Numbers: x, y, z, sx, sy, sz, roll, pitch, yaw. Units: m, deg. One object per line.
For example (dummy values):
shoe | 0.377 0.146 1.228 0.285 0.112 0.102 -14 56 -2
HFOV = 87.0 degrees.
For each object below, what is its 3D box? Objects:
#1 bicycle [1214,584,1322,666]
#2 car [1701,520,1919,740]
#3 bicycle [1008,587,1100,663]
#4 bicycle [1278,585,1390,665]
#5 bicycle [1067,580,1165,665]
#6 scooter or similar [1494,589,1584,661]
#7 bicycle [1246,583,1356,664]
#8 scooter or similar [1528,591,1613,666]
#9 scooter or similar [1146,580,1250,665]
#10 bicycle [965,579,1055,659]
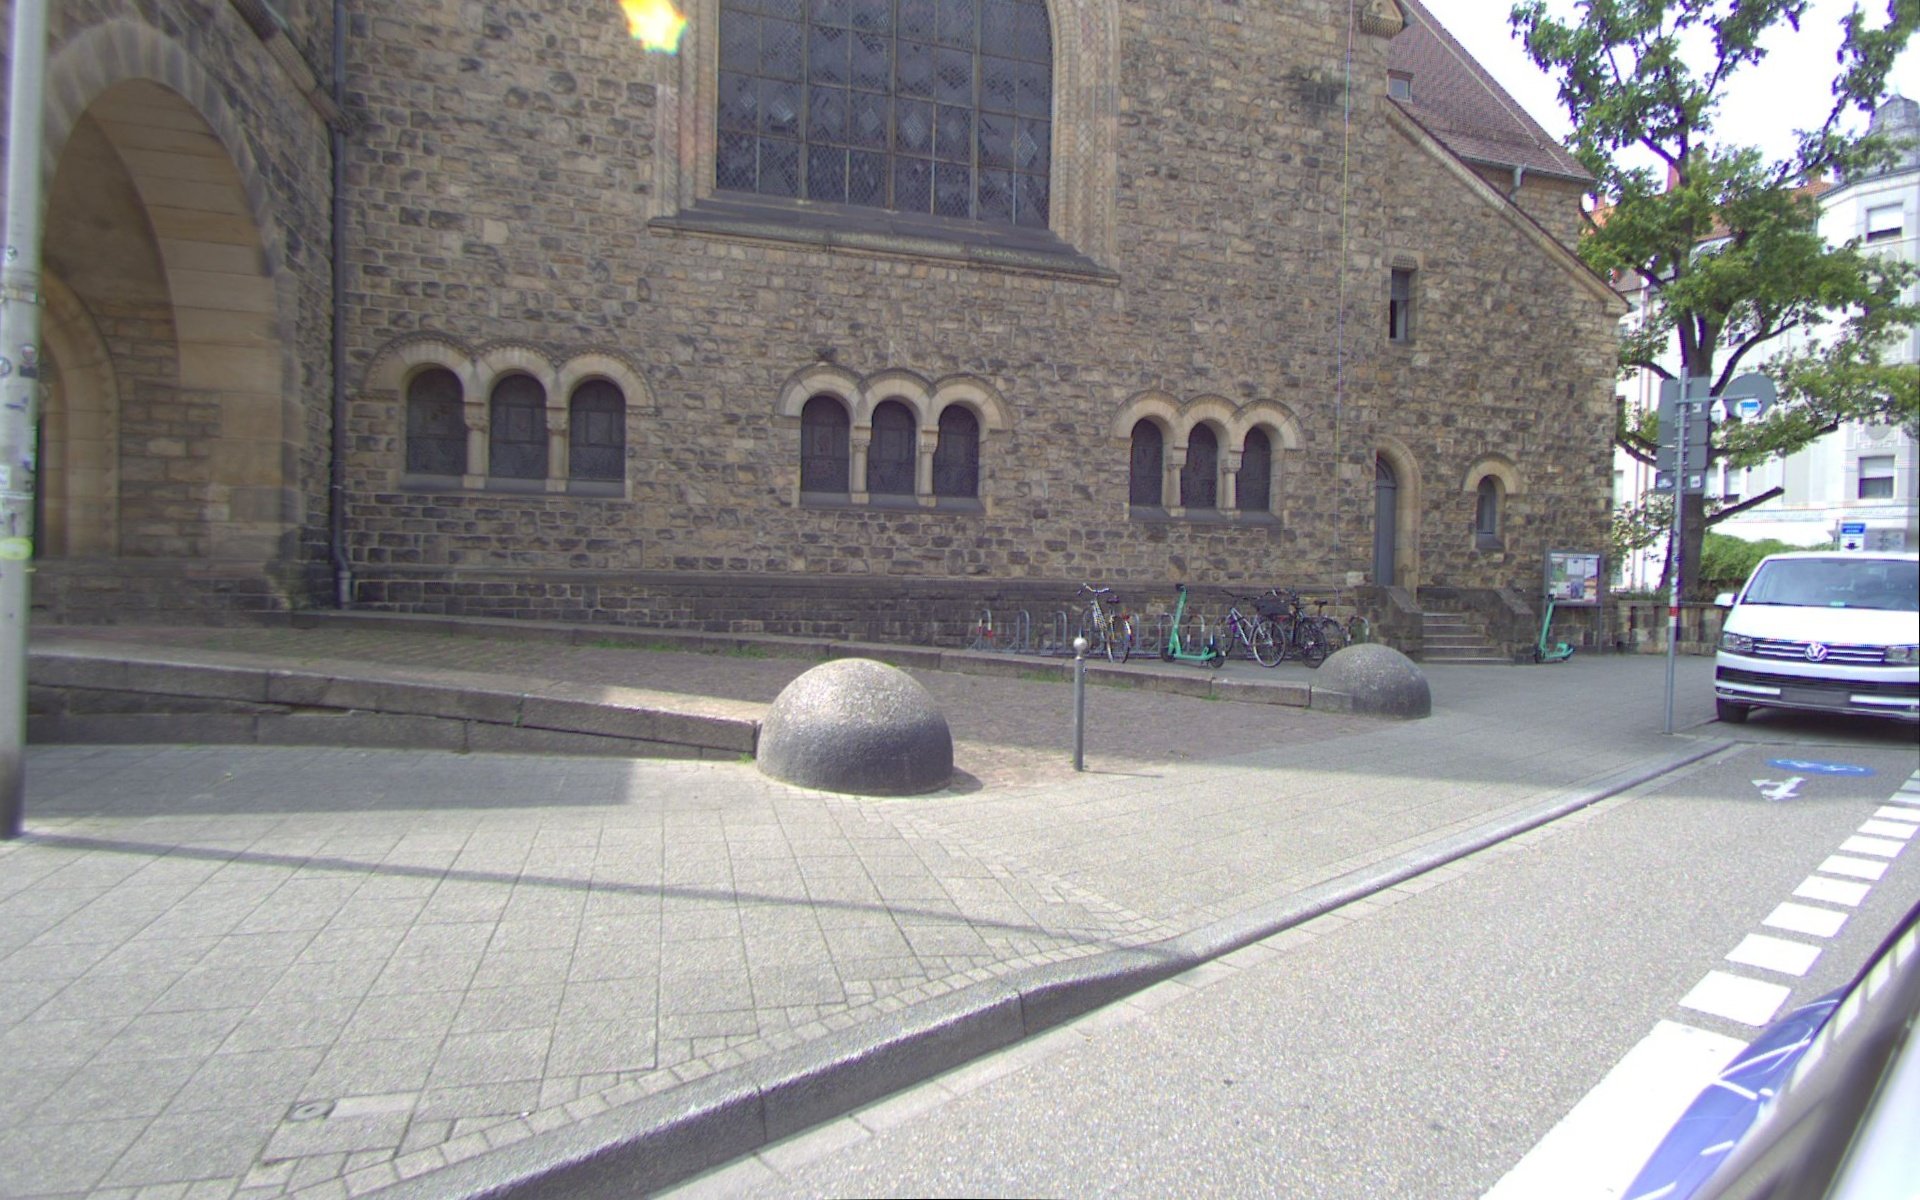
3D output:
bicycle | 4.585 0.345 15.210 0.534 1.125 1.786 1 1 -21
car | 10.418 0.257 11.633 5.035 2.054 2.018 0 3 -42
bicycle | 1.304 0.331 14.409 0.534 0.969 1.786 1 1 -21
bicycle | 5.743 0.355 15.655 0.534 1.125 1.786 1 1 -21
bicycle | 2.218 0.294 14.622 0.534 1.125 1.786 1 1 -21
scooter or similar | 10.262 0.444 17.946 1.450 1.222 0.547 1 1 -21
bicycle | 5.156 0.333 15.409 0.534 1.125 1.779 1 1 -21
scooter or similar | 10.434 0.485 17.284 1.413 1.222 0.547 1 1 -27
scooter or similar | 3.464 0.298 14.861 0.534 1.154 1.786 1 1 -21
bicycle | 0.671 0.240 14.218 0.534 0.969 1.787 1 3 -21

....................

• Description of the task
Wherever a line of the data holds "object", copy that line.

• Output for this task
Numbers: x, y, z, sx, sy, sz, roll, pitch, yaw. Units: m, deg. One object per line.
For each object below, what is its 3D box? Objects:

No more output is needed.